I just want to bring to the attention of our regular readers and even casual readers, what is happening in this blog with mostly those leaving comments.
As traffic grows in leaps and bounds, many folks arriving here have been referred here by various people and arrive here with certain prejudices, which are at the top of their minds before they read a single sentence. These prejudicial views of course depend a lot on the views of the Kenyan who has referred them.
While I welcome all readers kindly note that when you rush to make sweeping statements and prejudicial remarks, when you have not taken the time to even read through one post, it is annoying to other readers.
You are of course welcome to your own views, and that is something I would defend on your behalf because it is the essence of the democracy we aspire to so much in our beloved motherland.
However I do not agree with the view that this is a site for whiners who do nothing but complain, “when the economy is growing”.
In fact we have been able to achieve a lot here apart from “growing” and becoming better people. Personally Kumekucha has changed my life because it has enabled me to meet so many wonderful people and to learn so much from them. I am sure many other regulars can say the same.
Let me also emphasize that if my writing comes across with too much passion, I have no apologies to make because I am privileged to be fairly familiar with the plight of the common man in Kenya struggling to put food on the table. Many Kenyans have no problem making fun of the poor because the general belief is that poor people are poor because they are stupid or lack “business acumen.’ I beg to differ. Most poor people in Kenya are poor because of bad, selfish, insensitive government policies.
So if I sound a little angry and impatient, it is understandable and I really have no excuses to make.
Although president Kibaki has done a lot since 2002, not only is it too little too late but it is taking the country in the wrong direction.
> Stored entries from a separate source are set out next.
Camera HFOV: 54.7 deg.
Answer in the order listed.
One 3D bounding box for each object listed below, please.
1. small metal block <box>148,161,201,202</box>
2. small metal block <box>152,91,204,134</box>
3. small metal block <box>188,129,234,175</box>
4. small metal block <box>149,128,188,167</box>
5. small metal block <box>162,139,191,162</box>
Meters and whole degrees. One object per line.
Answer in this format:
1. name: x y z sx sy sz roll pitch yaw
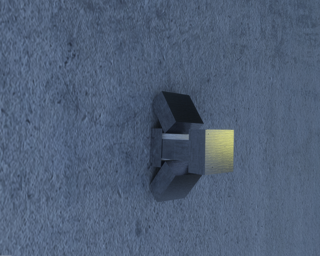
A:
1. small metal block: 0.021 0.070 0.410 0.050 0.025 0.050 3 129 -40
2. small metal block: 0.023 -0.020 0.412 0.050 0.025 0.050 3 52 -40
3. small metal block: 0.060 0.027 0.361 0.050 0.025 0.050 1 89 -40
4. small metal block: 0.013 0.026 0.420 0.050 0.025 0.050 3 88 -40
5. small metal block: 0.038 0.027 0.391 0.050 0.050 0.025 3 88 -40
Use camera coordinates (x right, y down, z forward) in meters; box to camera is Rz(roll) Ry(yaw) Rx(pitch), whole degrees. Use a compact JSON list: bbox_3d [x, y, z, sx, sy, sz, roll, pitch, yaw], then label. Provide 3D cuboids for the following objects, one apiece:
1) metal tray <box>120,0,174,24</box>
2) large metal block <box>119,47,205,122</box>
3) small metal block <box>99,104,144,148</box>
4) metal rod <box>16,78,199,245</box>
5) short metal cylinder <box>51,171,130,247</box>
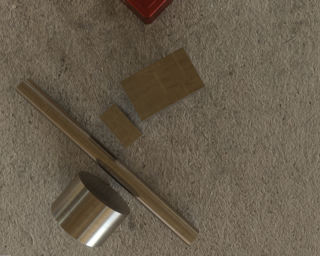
[{"bbox_3d":[-0.033,-0.214,0.406,0.130,0.030,0.090,43,90,-1],"label":"metal tray"},{"bbox_3d":[0.002,-0.049,0.383,0.080,0.080,0.050,-29,90,0],"label":"large metal block"},{"bbox_3d":[-0.048,-0.003,0.397,0.025,0.050,0.050,-42,91,0],"label":"small metal block"},{"bbox_3d":[-0.068,0.045,0.409,0.300,0.025,0.025,42,90,-1],"label":"metal rod"},{"bbox_3d":[-0.084,0.098,0.381,0.080,0.080,0.050,40,90,-1],"label":"short metal cylinder"}]
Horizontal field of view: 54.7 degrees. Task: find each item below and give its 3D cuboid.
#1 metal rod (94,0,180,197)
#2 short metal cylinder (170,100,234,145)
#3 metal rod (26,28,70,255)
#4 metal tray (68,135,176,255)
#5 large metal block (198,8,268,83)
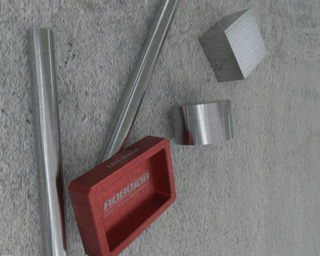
[{"bbox_3d":[-0.025,-0.060,0.385,0.025,0.025,0.299,31,71,-36],"label":"metal rod"},{"bbox_3d":[0.057,-0.009,0.419,0.081,0.080,0.050,-12,98,-40],"label":"short metal cylinder"},{"bbox_3d":[-0.110,0.053,0.313,0.025,0.025,0.298,-6,94,-40],"label":"metal rod"},{"bbox_3d":[-0.034,0.073,0.349,0.131,0.030,0.089,-31,121,-47],"label":"metal tray"},{"bbox_3d":[0.117,-0.129,0.489,0.080,0.050,0.080,-45,118,-31],"label":"large metal block"}]
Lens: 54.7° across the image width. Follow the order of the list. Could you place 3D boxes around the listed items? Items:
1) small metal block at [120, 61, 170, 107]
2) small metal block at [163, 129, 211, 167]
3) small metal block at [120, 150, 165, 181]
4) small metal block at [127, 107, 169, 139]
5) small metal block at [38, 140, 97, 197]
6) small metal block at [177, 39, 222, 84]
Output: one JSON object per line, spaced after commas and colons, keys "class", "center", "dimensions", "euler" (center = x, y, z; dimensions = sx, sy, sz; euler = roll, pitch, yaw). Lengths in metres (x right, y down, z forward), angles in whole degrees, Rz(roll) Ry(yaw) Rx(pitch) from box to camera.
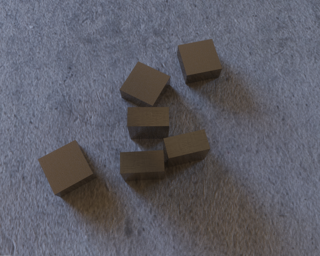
{"class": "small metal block", "center": [-0.020, -0.057, 0.429], "dimensions": [0.050, 0.025, 0.050], "euler": [27, 72, 9]}
{"class": "small metal block", "center": [0.031, 0.026, 0.386], "dimensions": [0.050, 0.050, 0.025], "euler": [-13, 71, -5]}
{"class": "small metal block", "center": [-0.021, 0.047, 0.377], "dimensions": [0.050, 0.050, 0.025], "euler": [-3, 70, -1]}
{"class": "small metal block", "center": [-0.014, -0.005, 0.397], "dimensions": [0.050, 0.050, 0.025], "euler": [0, 70, -1]}
{"class": "small metal block", "center": [-0.115, 0.051, 0.388], "dimensions": [0.050, 0.025, 0.050], "euler": [-29, 73, -10]}
{"class": "small metal block", "center": [0.056, -0.095, 0.444], "dimensions": [0.050, 0.025, 0.050], "euler": [-12, 71, -5]}
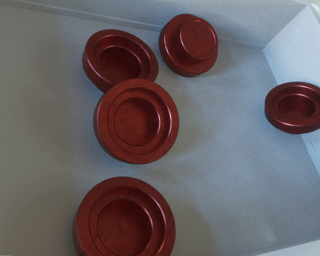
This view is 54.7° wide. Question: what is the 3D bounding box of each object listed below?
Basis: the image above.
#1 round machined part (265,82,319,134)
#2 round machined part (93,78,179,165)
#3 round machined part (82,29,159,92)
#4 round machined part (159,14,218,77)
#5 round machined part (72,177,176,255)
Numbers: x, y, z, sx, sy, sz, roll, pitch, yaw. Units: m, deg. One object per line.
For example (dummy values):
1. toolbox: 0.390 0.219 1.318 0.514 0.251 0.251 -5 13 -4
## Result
1. round machined part: 0.225 -0.028 0.512 0.098 0.042 0.098 -8 50 10
2. round machined part: -0.030 -0.006 0.367 0.099 0.042 0.097 2 85 -24
3. round machined part: -0.055 -0.081 0.414 0.099 0.042 0.098 14 56 -21
4. round machined part: 0.051 -0.132 0.483 0.099 0.042 0.097 4 80 -26
5. round machined part: -0.038 0.102 0.309 0.099 0.042 0.098 15 51 -19
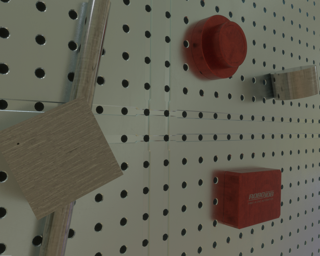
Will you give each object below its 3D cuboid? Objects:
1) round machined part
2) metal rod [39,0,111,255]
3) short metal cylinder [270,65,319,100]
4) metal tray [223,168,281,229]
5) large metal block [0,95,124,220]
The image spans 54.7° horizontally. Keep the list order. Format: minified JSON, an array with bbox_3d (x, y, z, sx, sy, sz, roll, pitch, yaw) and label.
[{"bbox_3d":[0.098,-0.126,0.480,0.099,0.042,0.097,0,90,-40],"label":"round machined part"},{"bbox_3d":[-0.091,0.002,0.332,0.025,0.025,0.299,15,81,-39],"label":"metal rod"},{"bbox_3d":[0.255,-0.086,0.587,0.081,0.080,0.050,-21,104,-38],"label":"short metal cylinder"},{"bbox_3d":[0.166,0.119,0.545,0.131,0.030,0.089,3,88,-40],"label":"metal tray"},{"bbox_3d":[-0.092,0.025,0.290,0.081,0.050,0.080,-27,94,-18],"label":"large metal block"}]
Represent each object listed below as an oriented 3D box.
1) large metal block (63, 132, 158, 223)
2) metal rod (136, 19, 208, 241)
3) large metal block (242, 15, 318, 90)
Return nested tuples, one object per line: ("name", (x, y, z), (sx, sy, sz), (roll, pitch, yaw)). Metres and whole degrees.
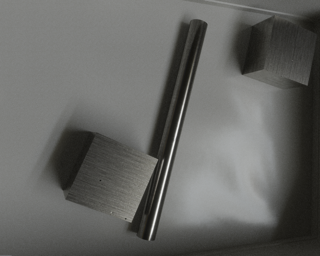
("large metal block", (-0.061, 0.057, 0.376), (0.080, 0.050, 0.080), (26, 81, -19))
("metal rod", (0.018, -0.001, 0.418), (0.025, 0.025, 0.299), (16, 85, -20))
("large metal block", (0.179, -0.110, 0.465), (0.081, 0.050, 0.080), (15, 85, -20))
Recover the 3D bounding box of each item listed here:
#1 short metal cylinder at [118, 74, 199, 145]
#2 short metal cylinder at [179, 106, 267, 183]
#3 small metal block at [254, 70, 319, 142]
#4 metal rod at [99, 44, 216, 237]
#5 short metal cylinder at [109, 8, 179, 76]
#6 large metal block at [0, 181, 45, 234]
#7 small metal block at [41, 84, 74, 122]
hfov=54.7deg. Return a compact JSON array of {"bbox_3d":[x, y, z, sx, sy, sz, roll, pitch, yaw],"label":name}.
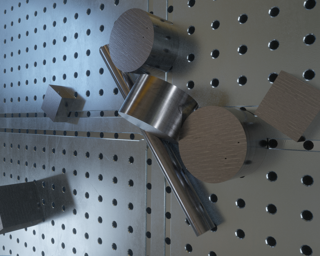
[{"bbox_3d":[-0.002,-0.021,0.366,0.080,0.080,0.050,22,81,38],"label":"short metal cylinder"},{"bbox_3d":[0.068,0.017,0.337,0.080,0.050,0.080,0,90,40],"label":"short metal cylinder"},{"bbox_3d":[0.130,-0.021,0.302,0.050,0.025,0.050,41,115,32],"label":"small metal block"},{"bbox_3d":[-0.013,0.001,0.420,0.025,0.025,0.299,-43,64,31],"label":"metal rod"},{"bbox_3d":[-0.022,-0.111,0.411,0.080,0.050,0.080,0,90,40],"label":"short metal cylinder"},{"bbox_3d":[-0.286,0.157,0.610,0.050,0.081,0.080,-36,68,34],"label":"large metal block"},{"bbox_3d":[-0.187,-0.045,0.565,0.050,0.025,0.050,39,114,33],"label":"small metal block"}]
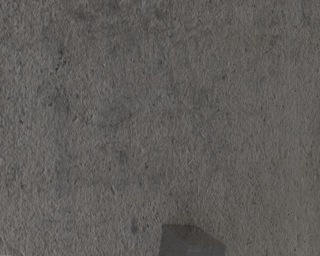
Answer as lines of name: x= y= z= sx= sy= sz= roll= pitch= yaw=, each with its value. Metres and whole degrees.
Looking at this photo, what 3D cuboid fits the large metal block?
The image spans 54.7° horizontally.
large metal block: x=0.036 y=0.175 z=0.393 sx=0.050 sy=0.080 sz=0.080 roll=9 pitch=87 yaw=-20
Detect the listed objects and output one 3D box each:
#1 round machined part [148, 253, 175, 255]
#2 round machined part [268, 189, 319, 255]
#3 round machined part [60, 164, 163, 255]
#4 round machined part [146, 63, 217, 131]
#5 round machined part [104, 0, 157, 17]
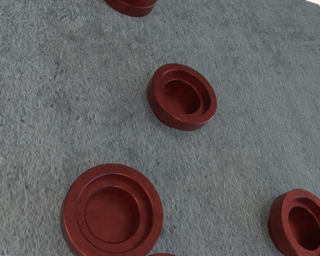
[{"bbox_3d":[-0.004,0.171,0.286,0.099,0.042,0.098,14,56,-21],"label":"round machined part"},{"bbox_3d":[0.184,0.134,0.410,0.099,0.042,0.098,14,56,-21],"label":"round machined part"},{"bbox_3d":[-0.050,0.089,0.312,0.099,0.042,0.098,14,56,-21],"label":"round machined part"},{"bbox_3d":[0.026,-0.038,0.430,0.099,0.042,0.098,14,56,-21],"label":"round machined part"},{"bbox_3d":[-0.049,-0.234,0.510,0.099,0.042,0.098,14,56,-21],"label":"round machined part"}]
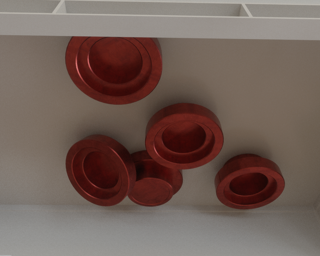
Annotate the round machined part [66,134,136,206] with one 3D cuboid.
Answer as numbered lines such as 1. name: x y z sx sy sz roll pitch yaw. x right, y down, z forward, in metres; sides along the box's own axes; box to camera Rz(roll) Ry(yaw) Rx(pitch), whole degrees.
1. round machined part: -0.076 0.054 0.425 0.098 0.042 0.097 8 112 21

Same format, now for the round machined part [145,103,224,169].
1. round machined part: 0.031 0.006 0.404 0.099 0.042 0.097 -1 130 0

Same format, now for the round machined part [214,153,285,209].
1. round machined part: 0.131 0.076 0.465 0.099 0.042 0.097 -1 130 0

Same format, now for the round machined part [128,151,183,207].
1. round machined part: -0.015 0.082 0.468 0.099 0.042 0.097 -1 130 0

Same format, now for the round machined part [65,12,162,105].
1. round machined part: -0.047 -0.076 0.332 0.099 0.042 0.097 -1 130 0
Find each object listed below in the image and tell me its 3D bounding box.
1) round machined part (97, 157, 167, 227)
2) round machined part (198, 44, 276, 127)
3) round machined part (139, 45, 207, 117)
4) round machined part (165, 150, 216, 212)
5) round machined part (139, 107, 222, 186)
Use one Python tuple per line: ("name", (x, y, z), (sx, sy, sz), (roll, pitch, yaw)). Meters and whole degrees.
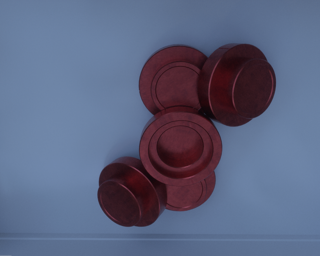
("round machined part", (-0.043, 0.091, 0.411), (0.098, 0.042, 0.097), (13, 117, 26))
("round machined part", (0.096, -0.048, 0.361), (0.099, 0.042, 0.097), (-10, 110, -29))
("round machined part", (0.023, -0.051, 0.382), (0.099, 0.042, 0.097), (0, 110, -1))
("round machined part", (0.028, 0.075, 0.429), (0.099, 0.042, 0.097), (0, 110, -1))
("round machined part", (0.024, 0.020, 0.385), (0.099, 0.042, 0.097), (0, 110, -1))
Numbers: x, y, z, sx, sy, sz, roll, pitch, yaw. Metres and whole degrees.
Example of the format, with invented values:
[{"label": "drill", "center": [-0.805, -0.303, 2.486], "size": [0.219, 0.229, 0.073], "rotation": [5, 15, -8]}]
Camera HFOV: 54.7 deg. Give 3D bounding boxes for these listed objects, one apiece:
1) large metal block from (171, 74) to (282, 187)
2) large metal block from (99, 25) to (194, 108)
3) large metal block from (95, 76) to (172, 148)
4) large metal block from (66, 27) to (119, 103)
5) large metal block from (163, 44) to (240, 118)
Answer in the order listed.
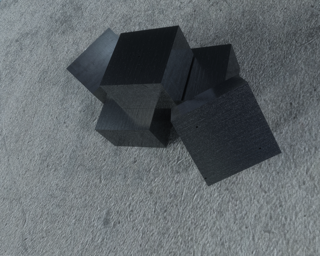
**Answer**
[{"label": "large metal block", "center": [0.066, 0.001, 0.325], "size": [0.080, 0.080, 0.050], "rotation": [-27, 15, 10]}, {"label": "large metal block", "center": [-0.014, -0.070, 0.371], "size": [0.080, 0.050, 0.080], "rotation": [2, 63, 29]}, {"label": "large metal block", "center": [-0.029, -0.021, 0.413], "size": [0.080, 0.050, 0.080], "rotation": [0, 62, 28]}, {"label": "large metal block", "center": [-0.078, -0.086, 0.453], "size": [0.050, 0.080, 0.080], "rotation": [44, 86, 6]}, {"label": "large metal block", "center": [0.052, -0.056, 0.396], "size": [0.080, 0.050, 0.080], "rotation": [0, 62, 28]}]

The right direction in my view is starting off with policies that are designed to put the economy in the hands of the common man so to speak (Not a few a handful of investors mainly from one community).
It is important that the engine of the economy and of growth are in the hands of ordinary Kenyans. This means determining that the creation of jobs should be the top agenda which should be reflected in everything the government does.
Saving Kenya, in my view will also require many "thinking out of the box" ideas that the current political class cannot handle, let alone think up. For instance establishing work for higher education farms and work for food schemes countrywide. We urgently need to give a helping hand to our brothers who are doing badly thanks mainly to mega corruption scandals like Goldenberg and Anglo Leasing that have devalued the currency overnight and caused great suffering across the nation.
We need a government policy where a certain percentage of government contracts are reserved for small scale businesses and ways found to finance them by paying 50% upfront for services and products ordered from them. (You will be surprised poor people are much more honest than rich folks).
We need a government that will be sensitive enough to remove all VAT and other taxes from basic food stuffs sold in slums and other low income areas.
We need a very intensive countrywide sports and football program (that would be very easy to finance) where soccer talent can be nurtured and developed even as the youths there go through a special education program to prepare them for life after their sporting professional careers. I personally know Kenyans who are good agents and can help us sell this talent to big soccer clubs in the West, even as we develop the game locally. There should also be numerous active programs to keep the youth busy so that less of them end up in crime as is the case today.
We also need a truth and reconciliation commission to deal with our dark past and to send a clear message to any would-be-thieves of the future that corruption may make you rich in the short term but in the long term it does not pay.
Our foreign missions need to start actively assisting in helping place qualified Kenyans in openings available at their stations and also promoting trade much more aggressively.
These are just a few ideas off the top of my head. Please keep reading this blog and we will unveil more of these ideas as we head to the mother of all general elections.
I am grateful that some very powerful people in Kenya today read this blog regularly and quite often take action on various things we suggest here. The most recent example is the directive by the government to the Nairobi City Council to go slow on the implementation of the ban on plastic bags. I believe our small humble efforts here contributed in a small way at least to that decision.
So you see, we are not just whiners, we have built a forum here (by the grace of God) where tens of thousands of Kenyans can exchange views and learn things that will improve our country. The problem with many of our readers, especially those from you know where, are desperate and eager to link us to a certain politician or foreign financier. Good luck to them because the truth is that I am just an ordinary Kenyan trying to make a difference and I have been joined by many other like-minded persons who love their country even more than I do.